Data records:
%%

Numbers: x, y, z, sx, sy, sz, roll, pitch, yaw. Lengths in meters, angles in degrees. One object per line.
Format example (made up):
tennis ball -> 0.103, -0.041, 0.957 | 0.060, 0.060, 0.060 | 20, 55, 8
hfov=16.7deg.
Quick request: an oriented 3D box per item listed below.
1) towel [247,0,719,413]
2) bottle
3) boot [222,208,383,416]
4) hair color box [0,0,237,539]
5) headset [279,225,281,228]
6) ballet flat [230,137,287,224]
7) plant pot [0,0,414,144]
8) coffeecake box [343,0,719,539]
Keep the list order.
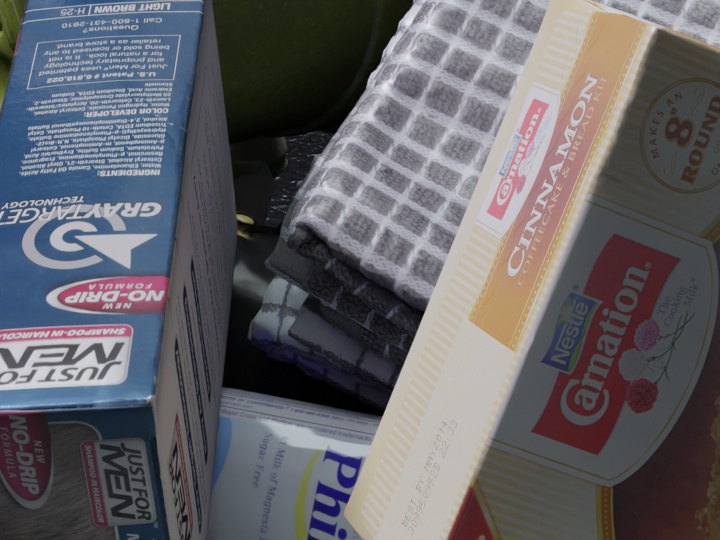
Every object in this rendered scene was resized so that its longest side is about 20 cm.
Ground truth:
towel -> 0.084, -0.015, 0.776 | 0.199, 0.166, 0.086 | 28, -21, 7
bottle -> 0.015, 0.088, 0.747 | 0.199, 0.084, 0.065 | 10, 1, 16
boot -> 0.000, 0.000, 0.849 | 0.150, 0.201, 0.073 | 19, -20, 2
hair color box -> -0.074, 0.010, 0.705 | 0.060, 0.100, 0.200 | -3, 38, 3
headset -> 0.033, -0.002, 0.980 | 0.199, 0.124, 0.094 | -4, 36, -38
ballet flat -> -0.067, -0.034, 0.982 | 0.072, 0.068, 0.200 | -17, 26, 14
plant pot -> -0.087, -0.112, 0.871 | 0.199, 0.201, 0.190 | 11, 29, 44
coffeecake box -> 0.119, 0.035, 0.651 | 0.199, 0.154, 0.073 | 20, 6, -20
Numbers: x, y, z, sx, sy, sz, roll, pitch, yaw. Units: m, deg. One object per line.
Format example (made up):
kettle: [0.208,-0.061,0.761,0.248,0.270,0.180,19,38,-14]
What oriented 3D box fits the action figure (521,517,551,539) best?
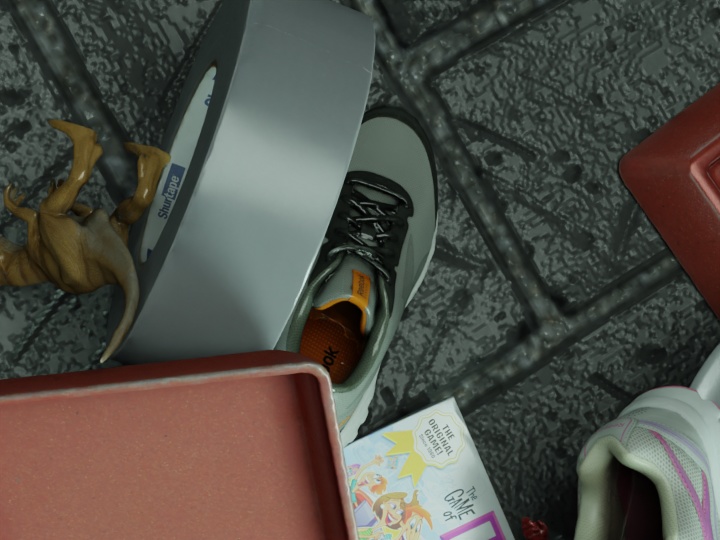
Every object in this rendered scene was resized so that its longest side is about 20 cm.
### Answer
action figure: [0.112,0.157,1.278,0.099,0.065,0.200,62,37,-19]

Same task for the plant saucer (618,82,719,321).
plant saucer: [0.275,-0.035,1.401,0.199,0.037,0.201,-36,93,-17]

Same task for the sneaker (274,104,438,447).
sneaker: [0.000,0.000,1.289,0.073,0.079,0.201,19,63,-6]

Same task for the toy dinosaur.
toy dinosaur: [-0.127,-0.013,1.211,0.060,0.200,0.107,18,86,-30]

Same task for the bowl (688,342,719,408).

%%

● Problem details: Please copy the data shown above, line by line and exactly, omitting the images.

● Task solution:
Numbers: x, y, z, sx, sy, sz, roll, pitch, yaw. Lengths in meters, angles in degrees. One object per line.
Format example (made up):
tennis ball -> 0.103, -0.041, 0.957 | 0.060, 0.060, 0.060 | 20, 55, 8
hfov=16.7deg.
Quick request: an oriented 3D box per item listed below.
1) towel [247,0,719,413]
2) bottle
3) boot [222,208,383,416]
4) hair color box [0,0,237,539]
5) headset [279,225,281,228]
6) ballet flat [230,137,287,224]
7) plant pot [0,0,414,144]
8) coffeecake box [343,0,719,539]
Keep the list order.
Every object in this rendered scene was resized so that its longest side is about 20 cm.
Ground truth:
towel -> 0.084, -0.015, 0.776 | 0.199, 0.166, 0.086 | 28, -21, 7
bottle -> 0.015, 0.088, 0.747 | 0.199, 0.084, 0.065 | 10, 1, 16
boot -> 0.000, 0.000, 0.849 | 0.150, 0.201, 0.073 | 19, -20, 2
hair color box -> -0.074, 0.010, 0.705 | 0.060, 0.100, 0.200 | -3, 38, 3
headset -> 0.033, -0.002, 0.980 | 0.199, 0.124, 0.094 | -4, 36, -38
ballet flat -> -0.067, -0.034, 0.982 | 0.072, 0.068, 0.200 | -17, 26, 14
plant pot -> -0.087, -0.112, 0.871 | 0.199, 0.201, 0.190 | 11, 29, 44
coffeecake box -> 0.119, 0.035, 0.651 | 0.199, 0.154, 0.073 | 20, 6, -20
Numbers: x, y, z, sx, sy, sz, roll, pitch, yaw. Units: m, deg. One object per line.
Format example (made up):
kettle: [0.208,-0.061,0.761,0.248,0.270,0.180,19,38,-14]
What oriented 3D box fits the action figure (521,517,551,539) best?
Every object in this rendered scene was resized so that its longest side is about 20 cm.
### Answer
action figure: [0.112,0.157,1.278,0.099,0.065,0.200,62,37,-19]

Same task for the plant saucer (618,82,719,321).
plant saucer: [0.275,-0.035,1.401,0.199,0.037,0.201,-36,93,-17]

Same task for the sneaker (274,104,438,447).
sneaker: [0.000,0.000,1.289,0.073,0.079,0.201,19,63,-6]

Same task for the toy dinosaur.
toy dinosaur: [-0.127,-0.013,1.211,0.060,0.200,0.107,18,86,-30]

Same task for the bowl (688,342,719,408).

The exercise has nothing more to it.